How Can I Regain The Right Of Abode In Hong Kong If I Have Been Downgraded To The Right To Land?
Posted by The Visa Geeza / in Feature Article, Long Stay & PR, Your Question Answered / 3 responses
Getting from the Right to Land to the Right of Abode is the same as coming from a temporary visa to a permanent identity card. It’s all about the magic seven years in Hong Kong…
QUESTION
I am a UK Citizen with the Right to Land.
I understand that with Right to Land, I have no restriction in staying in Hong Kong apart from I can’t vote.
After 7 years, I would like to apply for permanent residency again – how do I prove that?
I do not intend to work and would be living with relatives.
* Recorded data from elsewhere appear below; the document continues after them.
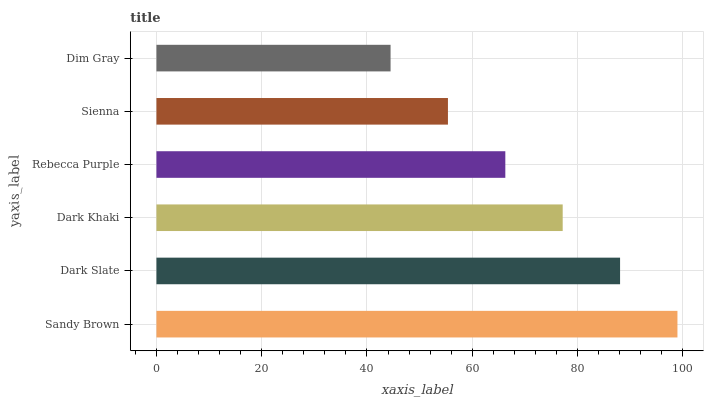Is Dim Gray the minimum?
Answer yes or no. Yes. Is Sandy Brown the maximum?
Answer yes or no. Yes. Is Dark Slate the minimum?
Answer yes or no. No. Is Dark Slate the maximum?
Answer yes or no. No. Is Sandy Brown greater than Dark Slate?
Answer yes or no. Yes. Is Dark Slate less than Sandy Brown?
Answer yes or no. Yes. Is Dark Slate greater than Sandy Brown?
Answer yes or no. No. Is Sandy Brown less than Dark Slate?
Answer yes or no. No. Is Dark Khaki the high median?
Answer yes or no. Yes. Is Rebecca Purple the low median?
Answer yes or no. Yes. Is Dark Slate the high median?
Answer yes or no. No. Is Dim Gray the low median?
Answer yes or no. No.

To supplement my application for permanent residency, would I need to prove my income or need official documents with my name on it e.g. bills or bank accounts?
Regards
ANSWER
If you’ve once held the right of abode but have lost it due to you not being in Hong Kong on at least one occasion in a seven year given period, and you have been downgraded to the Right to Land, it is perfectly possible to go on to subsequently reacquire the Right of Abode one more time; and you do this by passing the normal approvability test of showing that you’ve been continuously an ordinarily resident in Hong Kong for a period of not less than seven years, and that any absences from Hong Kong in that time have been of a merely temporary nature, as evidenced by what you leave behind to return back to at the end of each temporary stay abroad, and that you can show to the satisfaction of the right of abode officer that you have remained settled in Hong Kong.
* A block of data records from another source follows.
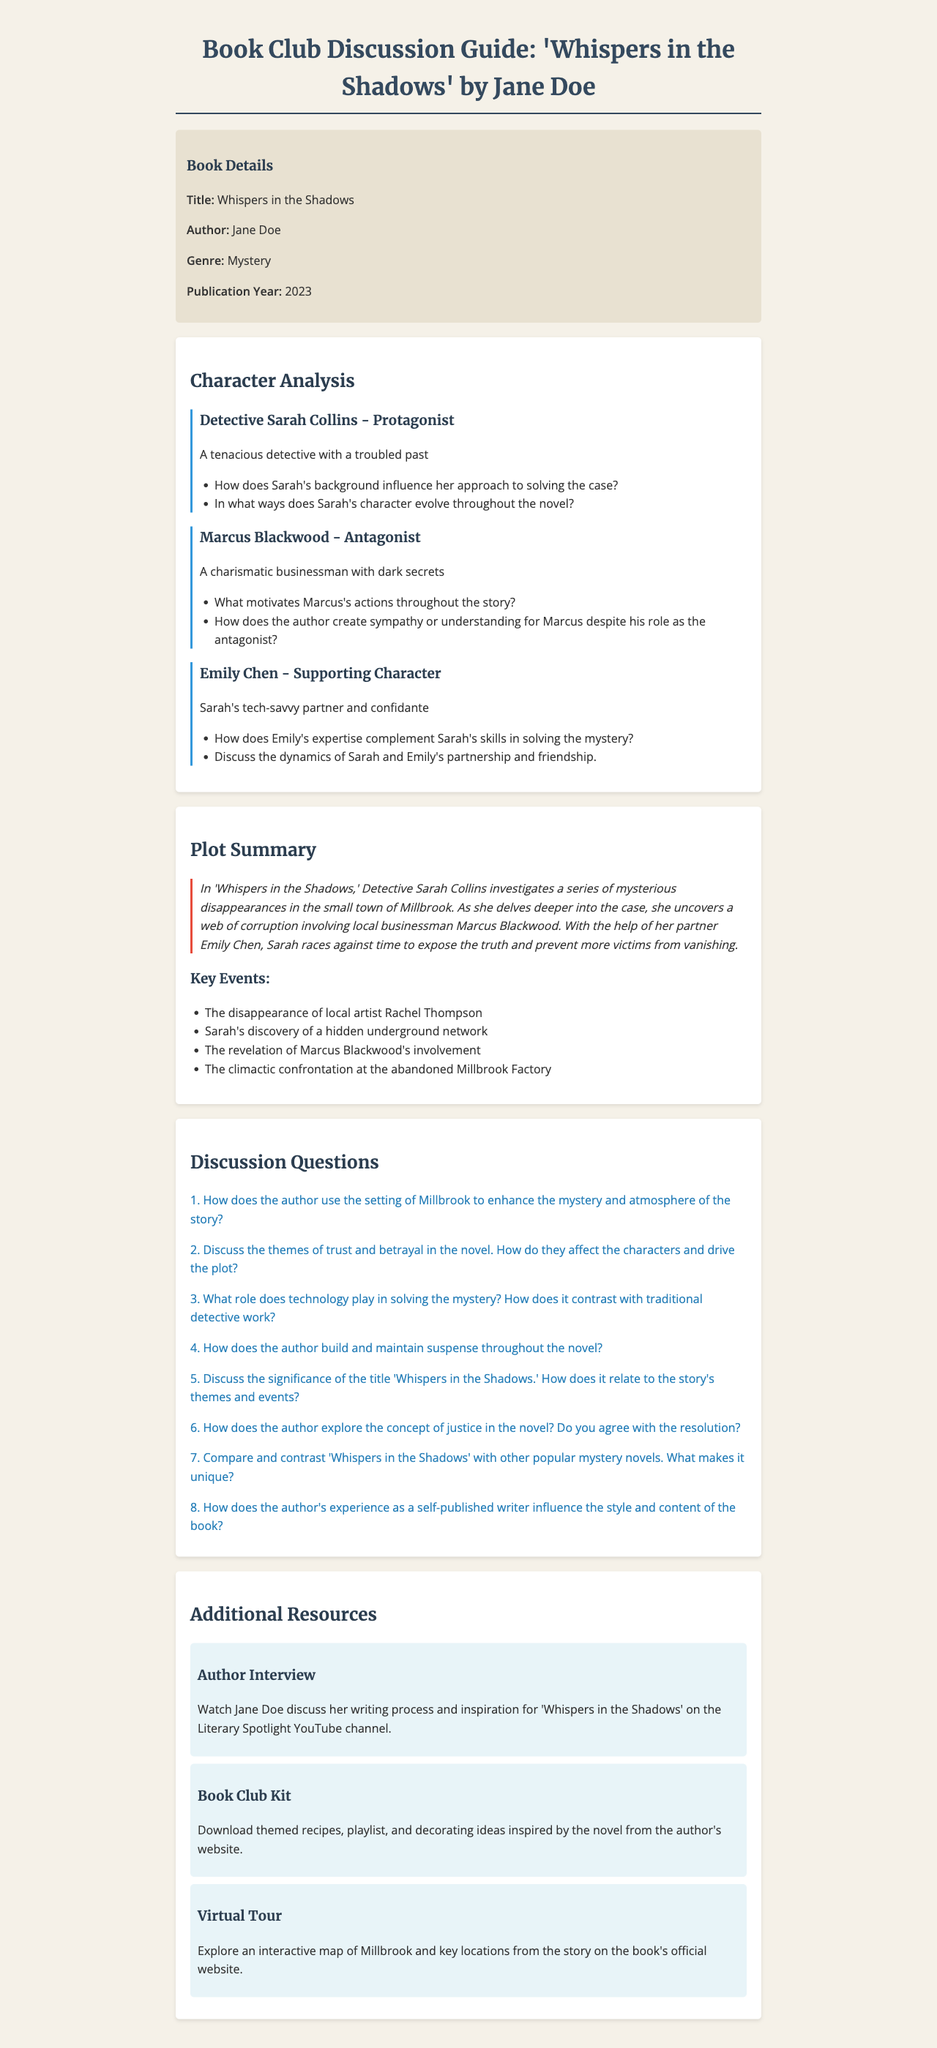What is the title of the book? The title of the book is mentioned in the document as the main title.
Answer: Whispers in the Shadows Who is the author of the book? The author of the book is explicitly stated in the book details section of the document.
Answer: Jane Doe What is the publication year of the book? The publication year is specified in the book details section.
Answer: 2023 How many key events are listed in the plot summary? The document lists specific key events in the plot summary section.
Answer: Four What role does Detective Sarah Collins play in the story? The character's role is described in the character analysis section of the document.
Answer: Protagonist What is the significance of the title "Whispers in the Shadows"? This question relates to understanding themes and events in the story, requiring reasoning about the title's relevance.
Answer: Discuss the significance of the title What motivates Marcus Blackwood in the story? This question requires synthesizing information from the character analysis about Marcus's character.
Answer: What motivates Marcus's actions? What is the main theme discussed in the discussion questions? The document includes themes in the discussion questions section, which need understanding of the content.
Answer: Trust and betrayal What additional resource discusses the author's writing process? The additional resources section specifies resources related to the author, including her interviews.
Answer: Author Interview

So in your instance, if you are planning to return here but have no need to work, are going to be staying with relatives and, will not be typically generating the kind of documentation that one ordinarily generates during the creation of a life in Hong Kong, so it’s just tenancy agreements such as proof of employment, activities, payments to the Inland Revenue Department and the like. Effectively, if you’re not going to have these in place, then there will be a careful assessment of where you have spent your time; they will call for documents to show that notwithstanding the fact that you haven’t been working, notwithstanding the fact that you haven’t taken any place of your own in terms of where you’re going to live, that you’ve been living with relatives, suitable documentation that speaks to that fact.
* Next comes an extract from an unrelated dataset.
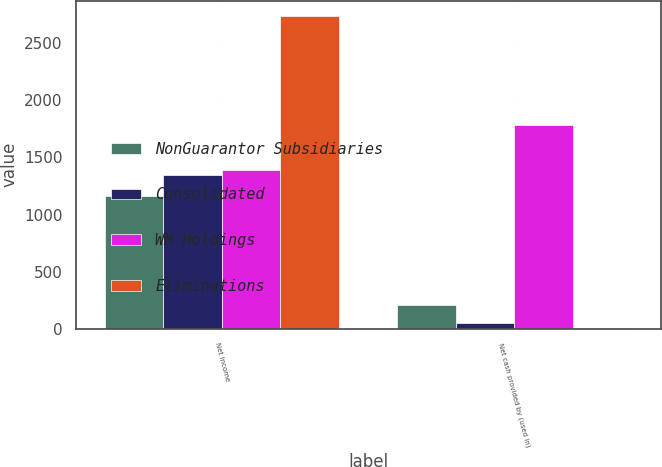<chart> <loc_0><loc_0><loc_500><loc_500><stacked_bar_chart><ecel><fcel>Net income<fcel>Net cash provided by (used in)<nl><fcel>NonGuarantor Subsidiaries<fcel>1163<fcel>206<nl><fcel>Consolidated<fcel>1347<fcel>49<nl><fcel>WM Holdings<fcel>1389<fcel>1782<nl><fcel>Eliminations<fcel>2736<fcel>7<nl></chart> 
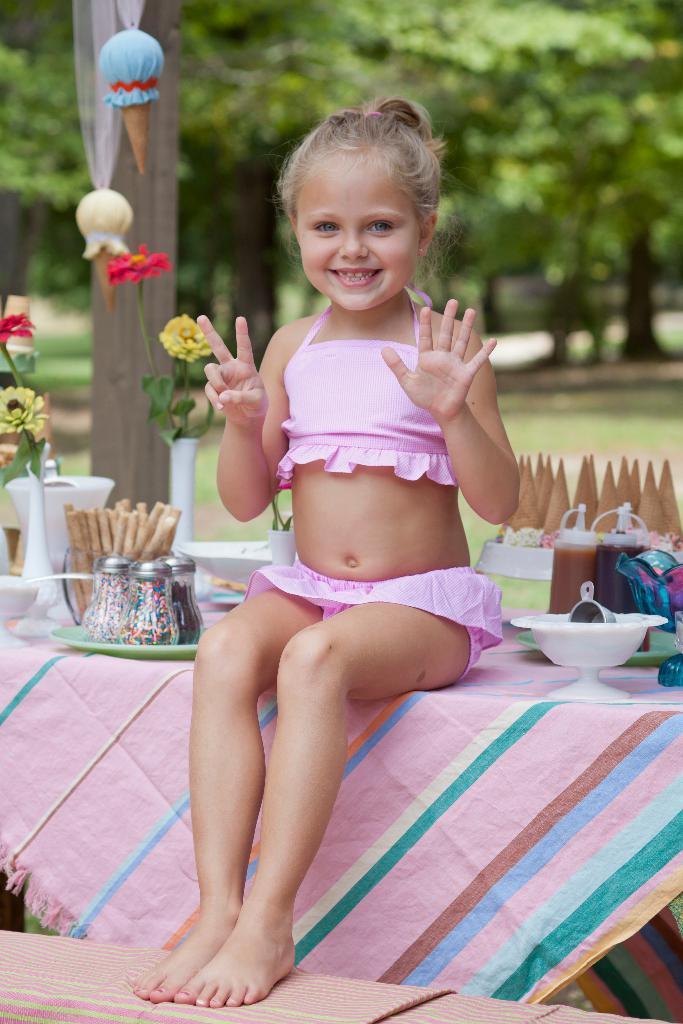How would you summarize this image in a sentence or two? This image is taken in outdoors. In the middle of the image a girl is sitting on the table and placing her hands on the stool. In this image there is a table with table cloth on it and there are few food items, sprinkler bottles, plate, bowl, flower vase with flowers are there on it. In the background there are many trees. At the top of the image a toy ice cream is tied.

In other words, the Immigration Department will look at the realities of where you’ve spent your time and what you’ve been doing, and they will be looking for evidence of settlement. So one would assume that in the seven years, whilst you may not have a tenancy agreement, you may not have a job, you will be engaging in some sort of activities that will allow the Immigration Department to objectively conclude that you’re settled in Hong Kong. This could be club memberships, charitable works, other philanthropic activity, interacting with society through clubs, perhaps things that you do that generate media. Naturally enough, the statement to travel records for the seven years should be acquired from the department and submitted to allow them to readily appreciate where you’ve been during the course of the seven years and how many days you spent in Hong Kong and how much time you spent away.
Therefore, if you don’t have the normal documents, then any other documents which speak to the reality that you have been living your life in Hong Kong full time on a settled basis, and such documents that would ordinarily be generated just by virtue of living an ordinary settled life here. That’s all you need to do.